EDIT 2: Some further investigation shows that CLISP's behaviour varies depending upon whether the code is interpreted directly or whether it's first compiled and then interpreted. You can see the difference by either directly loading a Lisp file in CLISP or by first calling compile-file on it and then loading the FASL.
You can see what's going on by looking at the first restart that CLISP offers. It says something like "Input a value to be used instead of (FDEFINITION '#:G3219)." So for compiled code, CLISP quotes the symbol and refers to it by name.
It seems though that this behaviour is standard-conforming. The following definition can be found in the HyperSpec:
function designator n. a designator for a function; that is, an object that denotes a function and that is one of: a symbol (denoting the function named by that symbol in the global environment), or a function (denoting itself). The consequences are undefined if a symbol is used as a function designator but it does not have a global definition as a function, or it has a global definition as a macro or a special form. See also extended function designator.
I think an uninterned symbol matches the "a symbol is used as a function designator but it does not have a global definition as a function" case for unspecified consequences.
EDIT 3: (I can agree that I'm not sure whether CLISP's behaviour is a bug or not. Someone more experienced with details of the standard's terminology should judge this. It comes down to whether the function cell of an uninterned symbol - i.e. a symbol that cannot be referred to by name, only by having a direct hold on the symbol object - would be considered a "global definition" or not)
Anyway, here's an example solution that solves the problem in CLISP by interning the symbols in a throwaway package, avoiding the matter of uninterned symbols:
(defmacro test ()
(let* ((pkg (make-package (gensym)))
(name (intern (symbol-name (gensym)) pkg)))
`(progn
(defun ,name () (format t "Hello!"))
(,name))))
(test)
EDIT 4: As Joshua Taylor notes in a comment to the question, this seems to be a case of the (10 year old) CLISP bug #180.
I've tested both workarounds suggested in that bug report and found that replacing the progn with locally actually doesn't help, but replacing it with let () does.
You can most certainly define functions whose names are uninterned symbols. For instance:
CL-USER> (defun #:foo (x)
(list x))
#:FOO
CL-USER> (defparameter *name-of-function* *)
*NAME-OF-FUNCTION*
CL-USER> *name-of-function*
#:FOO
CL-USER> (funcall *name-of-function* 3)
(3)
However, the sharpsign colon syntax introduces a new symbol each time such a form is read read:
#: introduces an uninterned symbol whose name is symbol-name.
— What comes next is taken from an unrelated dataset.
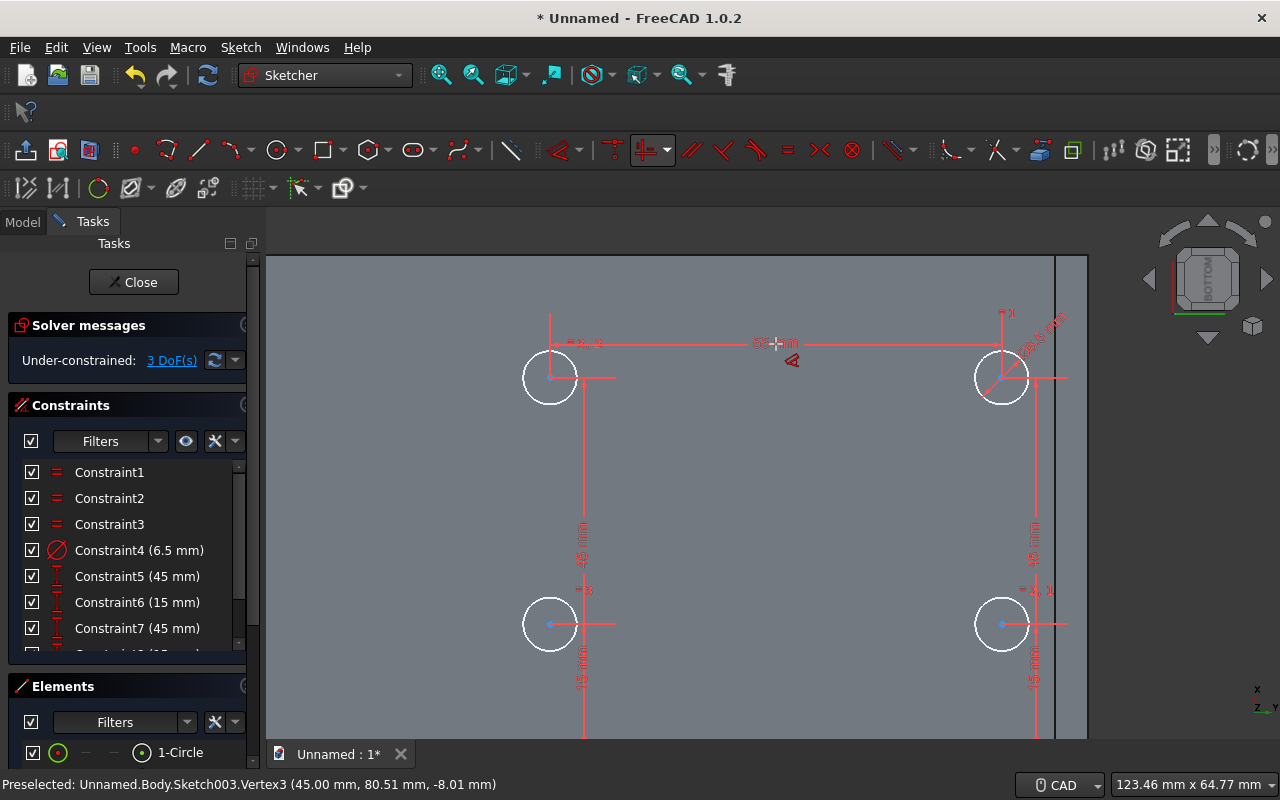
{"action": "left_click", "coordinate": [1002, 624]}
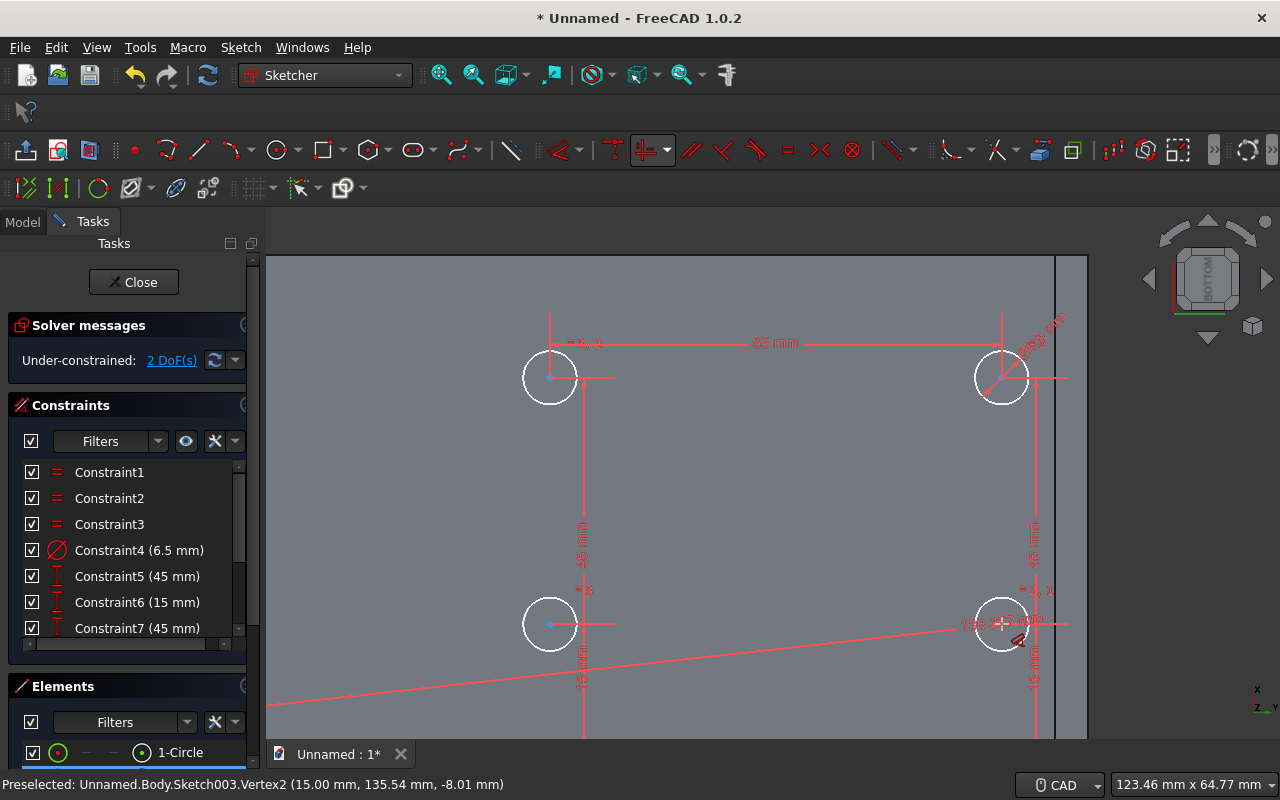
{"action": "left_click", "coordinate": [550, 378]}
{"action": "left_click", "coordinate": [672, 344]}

Every time this syntax is encountered, a distinct uninterned symbol is created. The symbol-name must have the syntax of a symbol with no package prefix.
This means that even though something like
CL-USER> (list '#:foo '#:foo)
;=> (#:FOO #:FOO)
shows the same printed representation, you actually have two different symbols, as the following demonstrates:
CL-USER> (eq '#:foo '#:foo)
NIL
This means that if you try to call such a function by typing #: and then the name of the symbol naming the function, you're going to have trouble:
CL-USER> (#:foo 3)
; undefined function #:foo error
So, while you can call the function using something like the first example I gave, you can't do this last one. This can be kind of confusing, because the printed representation makes it look like this is what's happening. For instance, you could write such a factorial function like this:
(defun #1=#:fact (n &optional (acc 1))
(if (zerop n) acc
(#1# (1- n) (* acc n))))
using the special reader notation #1=#:fact and #1# to later refer to the same symbol. However, look what happens when you print that same form:
CL-USER> (pprint '(defun #1=#:fact (n &optional (acc 1))
(if (zerop n) acc
(#1# (1- n) (* acc n)))))
(DEFUN #:FACT (N &OPTIONAL (ACC 1))
(IF (ZEROP N)
ACC
(#:FACT (1- N) (* ACC N))))
If you take that printed output, and try to copy and paste it as a definition, the reader creates two symbols named "FACT" when it comes to the two occurrences of #:FACT, and the function won't work (and you might even get undefined function warnings):
CL-USER> (DEFUN #:FACT (N &OPTIONAL (ACC 1))
(IF (ZEROP N)
ACC
(#:FACT (1- N) (* ACC N))))
; in: DEFUN #:FACT
; (#:FACT (1- N) (* ACC N))
;
; caught STYLE-WARNING:
; undefined function: #:FACT
;
; compilation unit finished
; Undefined function:
; #:FACT
; caught 1 STYLE-WARNING condition
I hope I get the issue right. For me it works in CLISP.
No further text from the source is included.